One of the biggest innovations in Java was the built in packaging and (later) deployment mechanisms. In fact most of the appeal of Java was in its "platform" features and not language features. This whole CNA biz smells a lot like language once again taking control of deployment and not leaving it to operations. We are seeing a application ops profession asserting itself. 
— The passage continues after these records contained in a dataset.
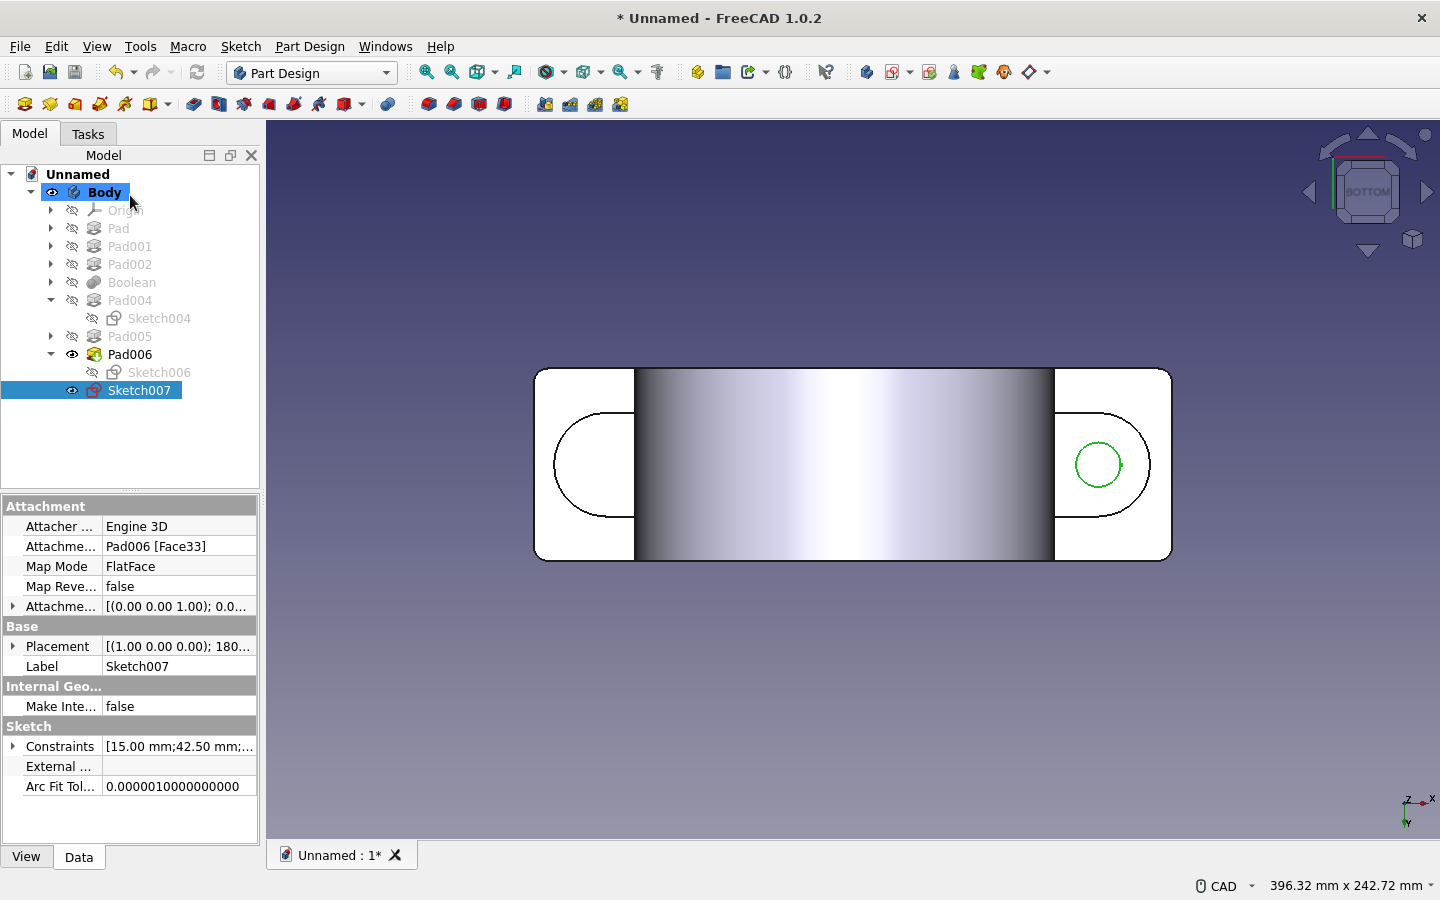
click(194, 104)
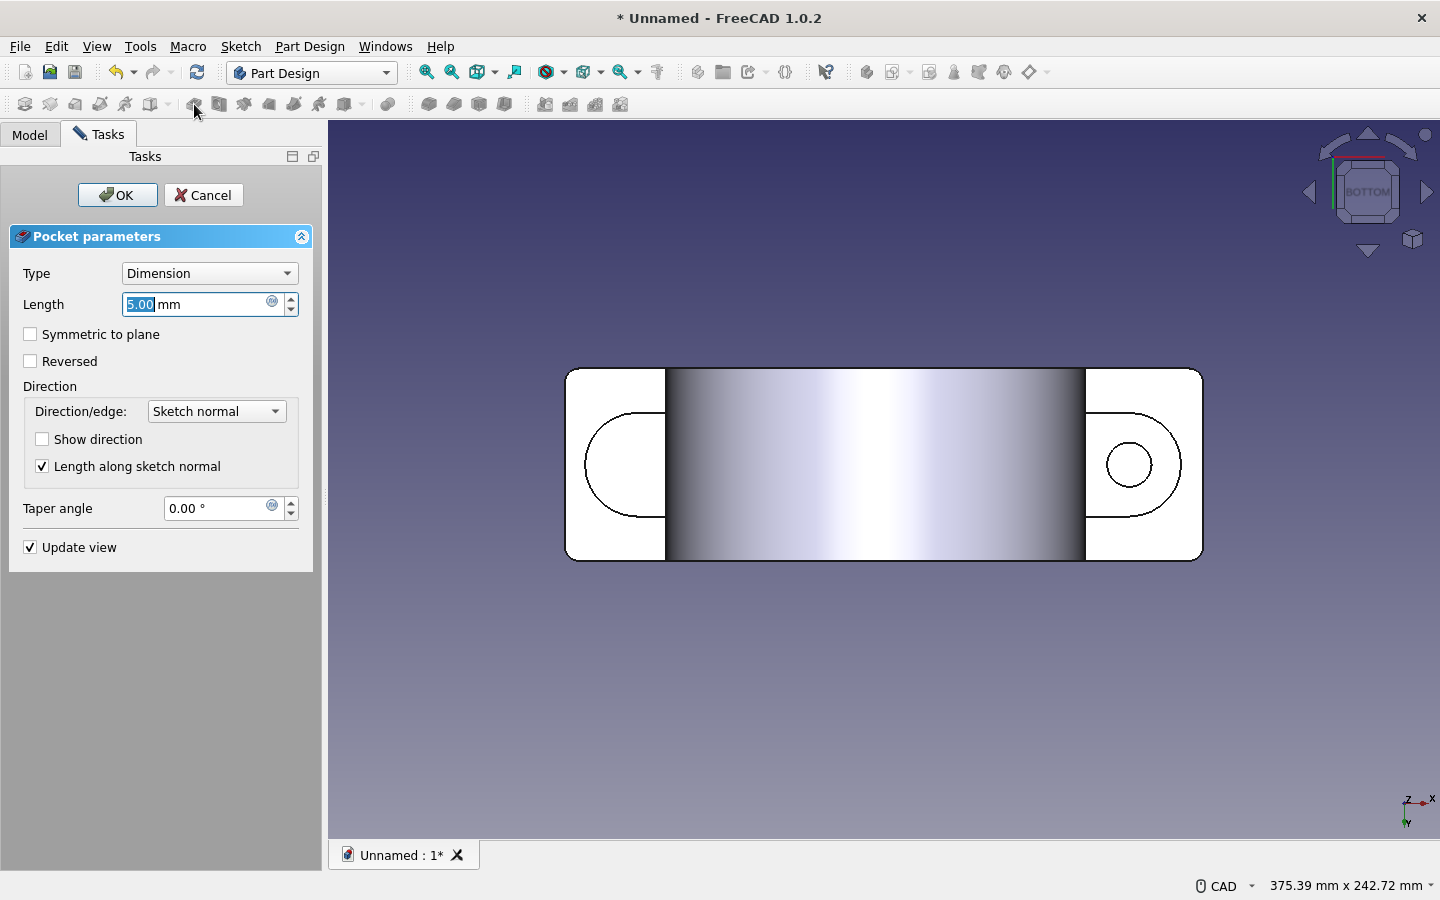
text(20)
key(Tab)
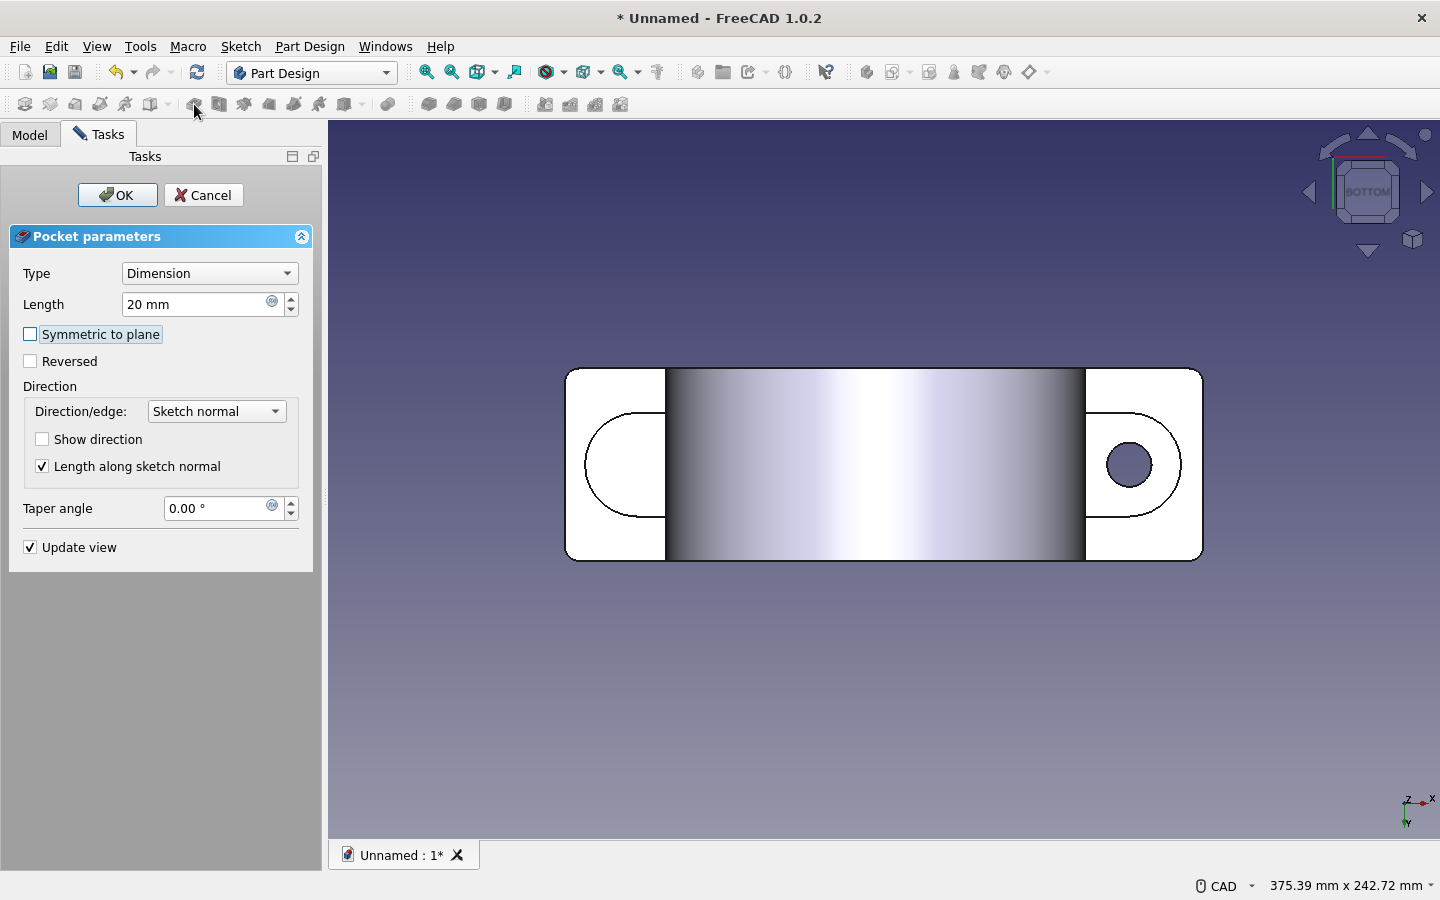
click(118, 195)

Sunday, September 13, 2015

IoT is a Cloud Network

Cloud Native, SDN and SOA are all techniques not technologies. IoT is not a technique it is a use case that needs to use the above mentioned techniques to enable a mesh of connections that is manageable, secure and most of all just works. IoT could use any infrastructure including the carrier network but it is most likely end up using the cloud as a IaaS. IoT is a cloud networking problem that needs some connectivity middleware to sit on top of a virtual network. IoT is an application designed using SOA that will provision its network using SDN and will use ephemeral compute threads that have preexisting binding to the language runtimes. 

Wednesday, July 08, 2015

sdn and CMS

Only a few years ago, datacenter architects picked their overlay tunnel technology and created a list of stacks with which to build out their datacenter network. The cloud management system or even "the cloud" was an after thought. Today the tables have turned. We have datacenter architects debating the merits of various CMSes like OpenStack, vVMware (vSphere, vCAC, NSX) and a very distant third or fifth CloudStack. Within their CMS they are asking for support from one or more SDN stacks. The days of stanalone SDN stacks are gone. The battle today is between an open ecosystem like OpenStack vs. multiple closed ecosystems.

So what are the SDN stacks being evaluated on by these cloud datacenters?

First is ability to scale. And by scale, I don't mean just the overcoming the vlan exhaustion issue with annoating BGP or encapsulating L2 in L3 etc. Scale means the performance of the cloud network scales with the number of nodes in the datacenter. The nodes are server nodes. The cloud network does not scale with number of switches. Scale means your automation system can manage the configuration of a 50 node cloud as easily as 5K node cloud.

Second is heterogeneity. This one is a quite a beast because it requires supporting all the major hypervisors, authentication systems, SIAMs,  best of breed appliance (virtual and physical). From a cloud vendor's perspective this is where the R&D dollars are mostly spent i.e. in creation of a heterogenous ecosystem. Not proprietary ones like iCloud.

Third is security. Not just network security, or long expensive compliance test but application data input validation, fraud prevention, almost waf like.

Monday, April 06, 2015

Killer App for Overlay Networking/SDN

SDN has been searching for a killer app since its birth in the midst of protocol and encapsulation debates of 2011. It wasn't monitoring, flow management or physical network orchestration for a controller. It turns out it is container networking.

Container is challenging the VM or a group of them is a unit of application. Its value proposition is removal of the virtualization tax and being open source it does not cost a whole lot to try out. The schedulers (k8, mesos etc.) seem to be maturing fast enough but the networking behind is still quite elementary.

Using offloads that accelerate encap/decap of an overlay network on the JEOS (Just enough OS), containers with virtual interfaces can outperform hypervisor based VMs and integrate better with orchestration technology like gubernetes.